**What the task requires**
Find each line of the material below in which the word "across" occurs, and return it.
────────
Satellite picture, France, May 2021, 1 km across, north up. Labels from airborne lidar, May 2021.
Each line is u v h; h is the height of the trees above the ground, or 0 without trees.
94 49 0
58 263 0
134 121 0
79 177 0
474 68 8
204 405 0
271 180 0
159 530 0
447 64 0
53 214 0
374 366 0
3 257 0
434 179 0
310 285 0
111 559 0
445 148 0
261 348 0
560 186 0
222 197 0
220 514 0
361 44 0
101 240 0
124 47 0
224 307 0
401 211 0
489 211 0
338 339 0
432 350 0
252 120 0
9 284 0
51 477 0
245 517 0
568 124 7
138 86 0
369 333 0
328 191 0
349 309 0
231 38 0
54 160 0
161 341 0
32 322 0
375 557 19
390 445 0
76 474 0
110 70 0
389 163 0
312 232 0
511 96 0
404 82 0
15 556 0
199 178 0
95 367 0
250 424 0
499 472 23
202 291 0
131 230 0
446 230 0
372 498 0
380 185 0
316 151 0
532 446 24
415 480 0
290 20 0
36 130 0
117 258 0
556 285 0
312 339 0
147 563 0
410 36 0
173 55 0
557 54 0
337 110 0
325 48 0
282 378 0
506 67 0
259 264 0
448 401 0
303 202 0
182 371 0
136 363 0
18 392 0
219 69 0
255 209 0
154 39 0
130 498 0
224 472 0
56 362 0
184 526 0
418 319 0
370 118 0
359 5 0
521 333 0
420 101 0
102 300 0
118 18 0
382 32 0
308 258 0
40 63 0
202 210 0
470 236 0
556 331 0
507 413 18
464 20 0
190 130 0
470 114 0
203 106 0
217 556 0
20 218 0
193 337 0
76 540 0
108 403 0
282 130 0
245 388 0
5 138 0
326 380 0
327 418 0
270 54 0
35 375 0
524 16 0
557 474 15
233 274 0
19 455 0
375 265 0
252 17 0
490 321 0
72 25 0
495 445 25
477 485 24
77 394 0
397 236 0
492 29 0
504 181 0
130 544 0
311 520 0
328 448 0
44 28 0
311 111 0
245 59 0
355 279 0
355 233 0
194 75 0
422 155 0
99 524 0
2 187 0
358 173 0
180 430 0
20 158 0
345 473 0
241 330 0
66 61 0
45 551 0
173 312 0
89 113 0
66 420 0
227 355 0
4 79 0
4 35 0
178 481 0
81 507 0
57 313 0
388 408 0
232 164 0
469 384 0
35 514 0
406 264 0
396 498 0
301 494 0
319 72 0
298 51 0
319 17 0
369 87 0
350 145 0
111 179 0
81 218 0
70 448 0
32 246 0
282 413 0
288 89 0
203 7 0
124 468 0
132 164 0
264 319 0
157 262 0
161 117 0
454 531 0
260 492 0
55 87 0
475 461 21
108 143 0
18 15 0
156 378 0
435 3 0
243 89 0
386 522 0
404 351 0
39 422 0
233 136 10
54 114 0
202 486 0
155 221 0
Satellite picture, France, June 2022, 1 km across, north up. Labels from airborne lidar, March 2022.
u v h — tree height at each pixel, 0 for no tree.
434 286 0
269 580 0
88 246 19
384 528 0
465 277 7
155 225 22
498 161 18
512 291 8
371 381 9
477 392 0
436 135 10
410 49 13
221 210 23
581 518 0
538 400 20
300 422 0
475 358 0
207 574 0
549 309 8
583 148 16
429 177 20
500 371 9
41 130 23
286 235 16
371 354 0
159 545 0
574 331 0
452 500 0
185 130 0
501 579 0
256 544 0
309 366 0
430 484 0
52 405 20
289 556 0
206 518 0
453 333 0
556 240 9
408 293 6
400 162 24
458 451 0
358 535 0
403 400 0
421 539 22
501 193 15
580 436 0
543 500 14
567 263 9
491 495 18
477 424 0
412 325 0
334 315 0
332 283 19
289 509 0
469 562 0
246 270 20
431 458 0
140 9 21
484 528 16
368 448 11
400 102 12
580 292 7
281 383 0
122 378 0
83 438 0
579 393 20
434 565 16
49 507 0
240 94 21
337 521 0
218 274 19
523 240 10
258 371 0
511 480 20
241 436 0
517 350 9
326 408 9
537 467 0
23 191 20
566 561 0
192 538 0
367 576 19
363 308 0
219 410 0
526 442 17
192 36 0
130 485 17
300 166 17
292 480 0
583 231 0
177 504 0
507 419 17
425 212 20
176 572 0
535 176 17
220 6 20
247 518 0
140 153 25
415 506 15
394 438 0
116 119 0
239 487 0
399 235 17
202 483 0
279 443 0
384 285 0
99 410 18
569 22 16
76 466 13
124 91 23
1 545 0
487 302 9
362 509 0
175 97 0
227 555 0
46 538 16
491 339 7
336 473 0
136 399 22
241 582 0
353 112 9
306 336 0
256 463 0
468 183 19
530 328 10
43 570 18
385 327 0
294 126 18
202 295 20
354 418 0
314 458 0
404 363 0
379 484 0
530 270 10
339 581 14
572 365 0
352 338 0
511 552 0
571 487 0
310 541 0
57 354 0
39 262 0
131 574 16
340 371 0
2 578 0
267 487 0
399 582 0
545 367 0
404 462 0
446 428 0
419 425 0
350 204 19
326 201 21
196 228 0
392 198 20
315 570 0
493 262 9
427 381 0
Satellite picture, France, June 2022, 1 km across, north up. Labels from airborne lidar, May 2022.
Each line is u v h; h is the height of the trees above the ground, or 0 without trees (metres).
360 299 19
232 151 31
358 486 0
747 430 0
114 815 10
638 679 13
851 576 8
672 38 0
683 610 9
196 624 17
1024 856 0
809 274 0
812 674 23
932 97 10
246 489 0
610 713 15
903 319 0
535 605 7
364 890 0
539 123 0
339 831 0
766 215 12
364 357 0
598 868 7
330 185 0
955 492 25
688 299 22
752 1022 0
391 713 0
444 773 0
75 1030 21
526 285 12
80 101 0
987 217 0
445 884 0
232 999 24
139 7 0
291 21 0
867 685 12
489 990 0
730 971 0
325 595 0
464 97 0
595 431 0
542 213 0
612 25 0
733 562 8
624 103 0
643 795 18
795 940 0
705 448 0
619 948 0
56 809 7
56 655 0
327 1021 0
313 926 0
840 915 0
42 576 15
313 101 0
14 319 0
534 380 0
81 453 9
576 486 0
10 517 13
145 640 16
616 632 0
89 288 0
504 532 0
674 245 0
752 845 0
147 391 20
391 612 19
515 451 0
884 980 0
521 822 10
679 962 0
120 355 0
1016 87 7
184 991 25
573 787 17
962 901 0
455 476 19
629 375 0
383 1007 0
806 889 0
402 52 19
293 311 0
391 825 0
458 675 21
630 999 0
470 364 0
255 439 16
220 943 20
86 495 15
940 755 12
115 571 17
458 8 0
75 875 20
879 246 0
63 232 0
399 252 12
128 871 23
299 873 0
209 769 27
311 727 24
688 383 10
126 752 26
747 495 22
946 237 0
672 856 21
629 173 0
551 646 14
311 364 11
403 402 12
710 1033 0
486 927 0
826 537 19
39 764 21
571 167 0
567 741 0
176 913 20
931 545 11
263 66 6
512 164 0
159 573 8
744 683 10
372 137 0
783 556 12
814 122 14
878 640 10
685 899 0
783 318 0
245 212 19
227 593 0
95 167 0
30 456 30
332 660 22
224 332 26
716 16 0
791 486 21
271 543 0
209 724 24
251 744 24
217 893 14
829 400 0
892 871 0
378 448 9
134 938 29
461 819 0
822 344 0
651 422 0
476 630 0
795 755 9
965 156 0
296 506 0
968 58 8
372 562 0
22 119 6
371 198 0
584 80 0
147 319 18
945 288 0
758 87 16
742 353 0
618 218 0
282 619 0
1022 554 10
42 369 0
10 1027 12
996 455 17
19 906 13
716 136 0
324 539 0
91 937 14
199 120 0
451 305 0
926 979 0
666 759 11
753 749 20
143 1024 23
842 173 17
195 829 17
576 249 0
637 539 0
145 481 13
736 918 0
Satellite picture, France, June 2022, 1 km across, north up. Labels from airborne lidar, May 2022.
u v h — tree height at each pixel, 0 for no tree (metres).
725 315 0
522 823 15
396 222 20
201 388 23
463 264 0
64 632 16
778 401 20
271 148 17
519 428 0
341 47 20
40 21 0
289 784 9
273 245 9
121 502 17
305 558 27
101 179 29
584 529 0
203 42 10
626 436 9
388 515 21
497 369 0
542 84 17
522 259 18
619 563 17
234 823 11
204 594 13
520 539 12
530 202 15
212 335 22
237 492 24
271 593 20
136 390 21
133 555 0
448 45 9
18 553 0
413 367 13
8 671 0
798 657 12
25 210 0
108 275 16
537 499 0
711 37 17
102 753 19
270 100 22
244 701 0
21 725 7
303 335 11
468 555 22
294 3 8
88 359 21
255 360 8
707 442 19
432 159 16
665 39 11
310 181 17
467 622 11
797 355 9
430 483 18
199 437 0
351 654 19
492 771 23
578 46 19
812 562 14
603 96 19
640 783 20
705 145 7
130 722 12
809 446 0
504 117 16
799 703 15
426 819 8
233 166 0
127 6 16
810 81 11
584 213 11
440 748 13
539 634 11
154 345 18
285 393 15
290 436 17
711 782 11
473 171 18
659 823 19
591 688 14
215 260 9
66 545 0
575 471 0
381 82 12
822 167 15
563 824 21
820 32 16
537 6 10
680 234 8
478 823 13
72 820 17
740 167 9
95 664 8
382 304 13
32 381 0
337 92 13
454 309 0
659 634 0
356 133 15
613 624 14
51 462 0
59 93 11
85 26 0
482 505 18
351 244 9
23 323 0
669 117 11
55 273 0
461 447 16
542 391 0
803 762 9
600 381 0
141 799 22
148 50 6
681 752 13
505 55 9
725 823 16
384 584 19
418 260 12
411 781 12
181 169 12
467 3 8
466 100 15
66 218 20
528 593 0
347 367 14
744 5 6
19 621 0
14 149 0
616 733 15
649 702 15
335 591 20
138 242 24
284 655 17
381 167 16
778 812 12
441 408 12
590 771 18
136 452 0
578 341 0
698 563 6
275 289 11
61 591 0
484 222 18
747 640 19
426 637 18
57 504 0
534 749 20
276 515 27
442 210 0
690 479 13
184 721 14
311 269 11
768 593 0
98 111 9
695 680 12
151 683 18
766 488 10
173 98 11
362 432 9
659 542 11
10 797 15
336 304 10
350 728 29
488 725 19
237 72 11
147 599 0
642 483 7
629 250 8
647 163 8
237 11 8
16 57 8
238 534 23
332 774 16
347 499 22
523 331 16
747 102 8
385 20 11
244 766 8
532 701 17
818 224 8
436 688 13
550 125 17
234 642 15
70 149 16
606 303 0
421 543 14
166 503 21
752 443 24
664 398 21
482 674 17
────────
**Response below**
Satellite picture, France, May 2021, 1 km across, north up. Labels from airborne lidar, May 2021.
Satellite picture, France, June 2022, 1 km across, north up. Labels from airborne lidar, March 2022.
Satellite picture, France, June 2022, 1 km across, north up. Labels from airborne lidar, May 2022.
Satellite picture, France, June 2022, 1 km across, north up. Labels from airborne lidar, May 2022.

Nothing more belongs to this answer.